BEGIN Task inputs

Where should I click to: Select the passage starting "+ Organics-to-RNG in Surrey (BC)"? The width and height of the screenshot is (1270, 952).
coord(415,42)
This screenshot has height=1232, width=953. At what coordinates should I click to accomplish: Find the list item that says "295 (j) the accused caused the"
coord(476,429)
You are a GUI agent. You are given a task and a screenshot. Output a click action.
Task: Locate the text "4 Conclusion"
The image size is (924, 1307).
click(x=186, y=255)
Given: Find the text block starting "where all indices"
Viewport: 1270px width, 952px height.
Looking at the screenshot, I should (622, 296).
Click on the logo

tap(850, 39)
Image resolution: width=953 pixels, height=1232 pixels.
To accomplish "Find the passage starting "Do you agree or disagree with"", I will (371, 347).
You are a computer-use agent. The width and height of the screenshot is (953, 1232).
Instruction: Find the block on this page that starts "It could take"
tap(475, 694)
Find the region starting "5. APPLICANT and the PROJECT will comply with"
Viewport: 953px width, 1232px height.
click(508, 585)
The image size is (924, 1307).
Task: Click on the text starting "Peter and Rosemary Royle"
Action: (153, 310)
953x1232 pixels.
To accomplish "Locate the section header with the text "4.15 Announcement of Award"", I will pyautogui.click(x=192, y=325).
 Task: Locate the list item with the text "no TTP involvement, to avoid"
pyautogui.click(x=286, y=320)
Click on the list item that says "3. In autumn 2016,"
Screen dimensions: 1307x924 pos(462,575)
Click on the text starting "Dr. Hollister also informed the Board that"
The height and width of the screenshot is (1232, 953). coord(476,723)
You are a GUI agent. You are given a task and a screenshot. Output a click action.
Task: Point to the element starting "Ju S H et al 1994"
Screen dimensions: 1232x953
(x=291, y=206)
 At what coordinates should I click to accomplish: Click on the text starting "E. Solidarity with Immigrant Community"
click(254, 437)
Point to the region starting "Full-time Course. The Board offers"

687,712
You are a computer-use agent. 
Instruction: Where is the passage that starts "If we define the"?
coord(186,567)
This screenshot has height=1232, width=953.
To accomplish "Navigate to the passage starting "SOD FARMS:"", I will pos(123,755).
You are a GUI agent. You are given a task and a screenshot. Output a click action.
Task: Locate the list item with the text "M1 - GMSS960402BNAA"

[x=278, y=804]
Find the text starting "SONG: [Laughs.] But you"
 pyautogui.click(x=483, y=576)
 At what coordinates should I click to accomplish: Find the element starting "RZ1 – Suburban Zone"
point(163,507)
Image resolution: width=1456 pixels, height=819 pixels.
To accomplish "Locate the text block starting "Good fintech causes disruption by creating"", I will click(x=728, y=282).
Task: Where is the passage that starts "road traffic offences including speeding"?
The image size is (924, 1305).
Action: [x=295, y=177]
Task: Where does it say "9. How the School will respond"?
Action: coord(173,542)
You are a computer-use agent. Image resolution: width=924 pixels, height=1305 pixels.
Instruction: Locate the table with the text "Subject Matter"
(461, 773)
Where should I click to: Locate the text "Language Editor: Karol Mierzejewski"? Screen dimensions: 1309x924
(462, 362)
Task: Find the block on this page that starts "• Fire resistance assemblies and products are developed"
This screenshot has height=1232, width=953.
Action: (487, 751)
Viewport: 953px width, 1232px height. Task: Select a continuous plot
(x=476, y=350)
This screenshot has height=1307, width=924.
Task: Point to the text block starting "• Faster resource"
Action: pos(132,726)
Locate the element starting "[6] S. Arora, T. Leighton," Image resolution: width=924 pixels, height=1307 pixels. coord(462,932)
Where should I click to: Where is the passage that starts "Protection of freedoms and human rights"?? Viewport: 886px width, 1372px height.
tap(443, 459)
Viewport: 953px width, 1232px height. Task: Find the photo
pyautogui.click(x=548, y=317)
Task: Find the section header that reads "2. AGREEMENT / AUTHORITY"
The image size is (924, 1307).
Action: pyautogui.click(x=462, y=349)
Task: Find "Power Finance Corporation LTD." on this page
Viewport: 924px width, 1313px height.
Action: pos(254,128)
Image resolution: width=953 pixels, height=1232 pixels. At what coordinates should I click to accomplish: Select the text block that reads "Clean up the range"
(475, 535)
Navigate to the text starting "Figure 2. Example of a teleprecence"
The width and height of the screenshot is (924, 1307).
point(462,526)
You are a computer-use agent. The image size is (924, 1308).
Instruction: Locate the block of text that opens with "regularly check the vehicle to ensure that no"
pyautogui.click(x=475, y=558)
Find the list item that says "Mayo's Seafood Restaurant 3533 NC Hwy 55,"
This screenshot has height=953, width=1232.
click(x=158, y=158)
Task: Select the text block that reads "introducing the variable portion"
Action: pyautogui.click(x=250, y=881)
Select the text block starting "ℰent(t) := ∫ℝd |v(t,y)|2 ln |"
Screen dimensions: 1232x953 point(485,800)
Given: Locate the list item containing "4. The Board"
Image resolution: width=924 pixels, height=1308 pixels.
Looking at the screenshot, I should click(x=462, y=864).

END Task inputs

• _Exercise goal_:
Would you set down every record again, exactly as it appears above?

• _Reply to the task_:
Where should I click to: Select the passage starting "+ Organics-to-RNG in Surrey (BC)"? The width and height of the screenshot is (1270, 952).
coord(415,42)
This screenshot has height=1232, width=953. At what coordinates should I click to accomplish: Find the list item that says "295 (j) the accused caused the"
coord(476,429)
You are a GUI agent. You are given a task and a screenshot. Output a click action.
Task: Locate the text "4 Conclusion"
The image size is (924, 1307).
click(x=186, y=255)
Given: Find the text block starting "where all indices"
Viewport: 1270px width, 952px height.
Looking at the screenshot, I should (622, 296).
Click on the logo

tap(850, 39)
Image resolution: width=953 pixels, height=1232 pixels.
To accomplish "Find the passage starting "Do you agree or disagree with"", I will (371, 347).
You are a computer-use agent. The width and height of the screenshot is (953, 1232).
Instruction: Find the block on this page that starts "It could take"
tap(475, 694)
Find the region starting "5. APPLICANT and the PROJECT will comply with"
Viewport: 953px width, 1232px height.
click(508, 585)
The image size is (924, 1307).
Task: Click on the text starting "Peter and Rosemary Royle"
Action: (153, 310)
953x1232 pixels.
To accomplish "Locate the section header with the text "4.15 Announcement of Award"", I will pyautogui.click(x=192, y=325).
 Task: Locate the list item with the text "no TTP involvement, to avoid"
pyautogui.click(x=286, y=320)
Click on the list item that says "3. In autumn 2016,"
Screen dimensions: 1307x924 pos(462,575)
Click on the text starting "Dr. Hollister also informed the Board that"
The height and width of the screenshot is (1232, 953). coord(476,723)
You are a GUI agent. You are given a task and a screenshot. Output a click action.
Task: Point to the element starting "Ju S H et al 1994"
Screen dimensions: 1232x953
(x=291, y=206)
 At what coordinates should I click to accomplish: Click on the text starting "E. Solidarity with Immigrant Community"
click(254, 437)
Point to the region starting "Full-time Course. The Board offers"

687,712
You are a computer-use agent. 
Instruction: Where is the passage that starts "If we define the"?
coord(186,567)
This screenshot has height=1232, width=953.
To accomplish "Navigate to the passage starting "SOD FARMS:"", I will pos(123,755).
You are a GUI agent. You are given a task and a screenshot. Output a click action.
Task: Locate the list item with the text "M1 - GMSS960402BNAA"

[x=278, y=804]
Find the text starting "SONG: [Laughs.] But you"
 pyautogui.click(x=483, y=576)
 At what coordinates should I click to accomplish: Find the element starting "RZ1 – Suburban Zone"
point(163,507)
Image resolution: width=1456 pixels, height=819 pixels.
To accomplish "Locate the text block starting "Good fintech causes disruption by creating"", I will click(x=728, y=282).
Task: Where is the passage that starts "road traffic offences including speeding"?
The image size is (924, 1305).
Action: [x=295, y=177]
Task: Where does it say "9. How the School will respond"?
Action: coord(173,542)
You are a computer-use agent. Image resolution: width=924 pixels, height=1305 pixels.
Instruction: Locate the table with the text "Subject Matter"
(461, 773)
Where should I click to: Locate the text "Language Editor: Karol Mierzejewski"? Screen dimensions: 1309x924
(462, 362)
Task: Find the block on this page that starts "• Fire resistance assemblies and products are developed"
This screenshot has height=1232, width=953.
Action: (487, 751)
Viewport: 953px width, 1232px height. Task: Select a continuous plot
(x=476, y=350)
This screenshot has height=1307, width=924.
Task: Point to the text block starting "• Faster resource"
Action: pos(132,726)
Locate the element starting "[6] S. Arora, T. Leighton," Image resolution: width=924 pixels, height=1307 pixels. coord(462,932)
Where should I click to: Where is the passage that starts "Protection of freedoms and human rights"?? Viewport: 886px width, 1372px height.
tap(443, 459)
Viewport: 953px width, 1232px height. Task: Find the photo
pyautogui.click(x=548, y=317)
Task: Find the section header that reads "2. AGREEMENT / AUTHORITY"
The image size is (924, 1307).
Action: pyautogui.click(x=462, y=349)
Task: Find "Power Finance Corporation LTD." on this page
Viewport: 924px width, 1313px height.
Action: pos(254,128)
Image resolution: width=953 pixels, height=1232 pixels. At what coordinates should I click to accomplish: Select the text block that reads "Clean up the range"
(475, 535)
Navigate to the text starting "Figure 2. Example of a teleprecence"
The width and height of the screenshot is (924, 1307).
point(462,526)
You are a computer-use agent. The image size is (924, 1308).
Instruction: Locate the block of text that opens with "regularly check the vehicle to ensure that no"
pyautogui.click(x=475, y=558)
Find the list item that says "Mayo's Seafood Restaurant 3533 NC Hwy 55,"
This screenshot has height=953, width=1232.
click(x=158, y=158)
Task: Select the text block that reads "introducing the variable portion"
Action: pyautogui.click(x=250, y=881)
Select the text block starting "ℰent(t) := ∫ℝd |v(t,y)|2 ln |"
Screen dimensions: 1232x953 point(485,800)
Given: Locate the list item containing "4. The Board"
Image resolution: width=924 pixels, height=1308 pixels.
Looking at the screenshot, I should click(x=462, y=864).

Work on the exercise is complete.